- City Art Search logo, resembling Grant Wood's American Gothic
- Original author(s): Brian Kernan
- Developer(s): Microsoft
- Initial release: 3 November 2014; 10 years ago
- Stable release: 8.0.4.0 / 4 July 2025; 1 day ago
- Platform: Windows 10, 11
- License: Proprietary freeware

= City Art Search =

City Art Search is an app developed by Microsoft that updates the Windows lock screen with selected artworks from around the world.
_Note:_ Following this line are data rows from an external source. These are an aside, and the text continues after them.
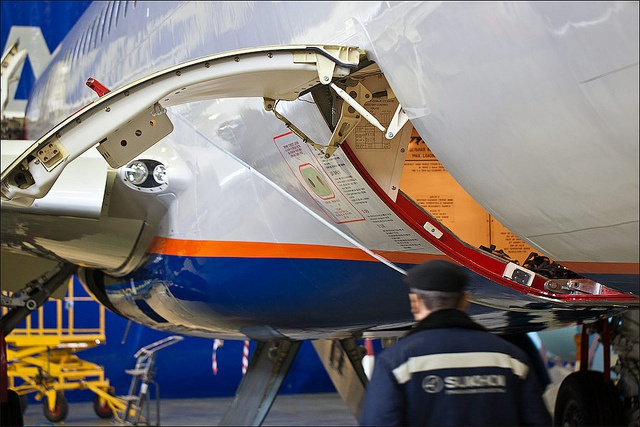Describe the objects in this image and their specific colors. I can see airplane in black, darkgray, lightgray, and gray tones and people in black, navy, gray, and darkgray tones in this image. 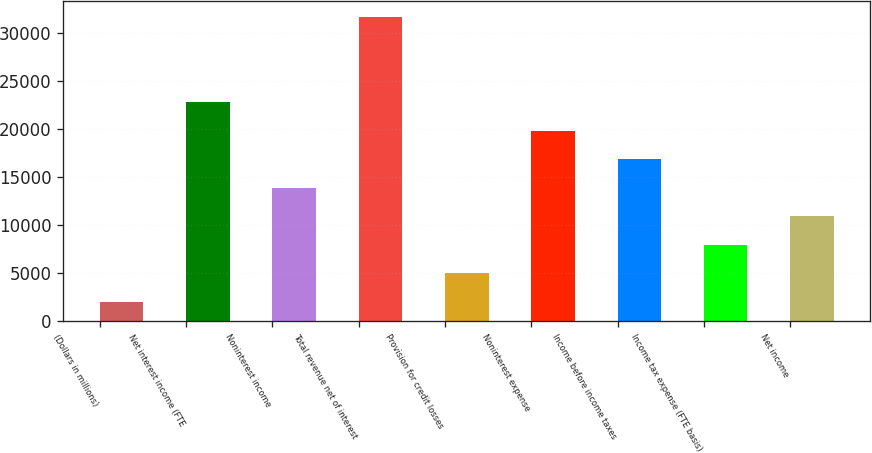Convert chart to OTSL. <chart><loc_0><loc_0><loc_500><loc_500><bar_chart><fcel>(Dollars in millions)<fcel>Net interest income (FTE<fcel>Noninterest income<fcel>Total revenue net of interest<fcel>Provision for credit losses<fcel>Noninterest expense<fcel>Income before income taxes<fcel>Income tax expense (FTE basis)<fcel>Net income<nl><fcel>2016<fcel>22816.5<fcel>13902<fcel>31731<fcel>4987.5<fcel>19845<fcel>16873.5<fcel>7959<fcel>10930.5<nl></chart> 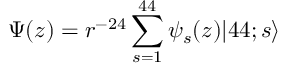Convert formula to latex. <formula><loc_0><loc_0><loc_500><loc_500>\Psi ( z ) = r ^ { - 2 4 } \sum _ { s = 1 } ^ { 4 4 } \psi _ { s } ( z ) | 4 4 ; s \rangle</formula>

It offers personalization features and allows users to search for artworks, which can also be displayed on an interactive map.

== Features ==
The app includes a robust search feature, allowing users to browse content by various criteria, such as: ancient civilization, continent, country, nationality, continentality, region, state, city, structure, palace, church, mosque, architect, artist, museum, gallery, artistic movement, group of paintings, painting, sculpture, statue, tag, and time period.
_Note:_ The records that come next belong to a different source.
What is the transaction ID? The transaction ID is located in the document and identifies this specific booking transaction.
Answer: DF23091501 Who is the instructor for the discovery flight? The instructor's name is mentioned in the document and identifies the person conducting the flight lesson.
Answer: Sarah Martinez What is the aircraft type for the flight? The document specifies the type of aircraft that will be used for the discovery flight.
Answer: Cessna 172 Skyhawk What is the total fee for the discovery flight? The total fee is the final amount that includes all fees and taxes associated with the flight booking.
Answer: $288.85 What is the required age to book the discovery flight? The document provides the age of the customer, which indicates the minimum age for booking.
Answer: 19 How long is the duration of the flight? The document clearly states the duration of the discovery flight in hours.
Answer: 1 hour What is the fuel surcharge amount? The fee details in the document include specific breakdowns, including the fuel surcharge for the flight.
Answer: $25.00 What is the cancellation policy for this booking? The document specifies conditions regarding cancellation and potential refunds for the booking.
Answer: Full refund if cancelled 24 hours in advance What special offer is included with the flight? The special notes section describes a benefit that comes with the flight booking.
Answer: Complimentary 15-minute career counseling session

Additionally, users can add artworks to their favorites for quick access and play slideshows featuring random artworks. For personalized browsing, users have the option to exclude specific types of content, such as artworks depicting nudity, violence, religious themes, portraits, or buildings.

Where available, artworks include direct links to their corresponding Wikipedia articles, providing further context and information. Users can also customize the interval for refreshing artwork on their lock screens, specifying the number of minutes between each update.

As of 2025, City Art Search features a collection of 10,485 artworks, up from 8,000 in 2017.

== History ==
City Art Search was launched in 2014 for Windows 8.1 and Windows Phone 8.1. Although the app continues to receive updates, it has retained its original Metro interface since its initial release.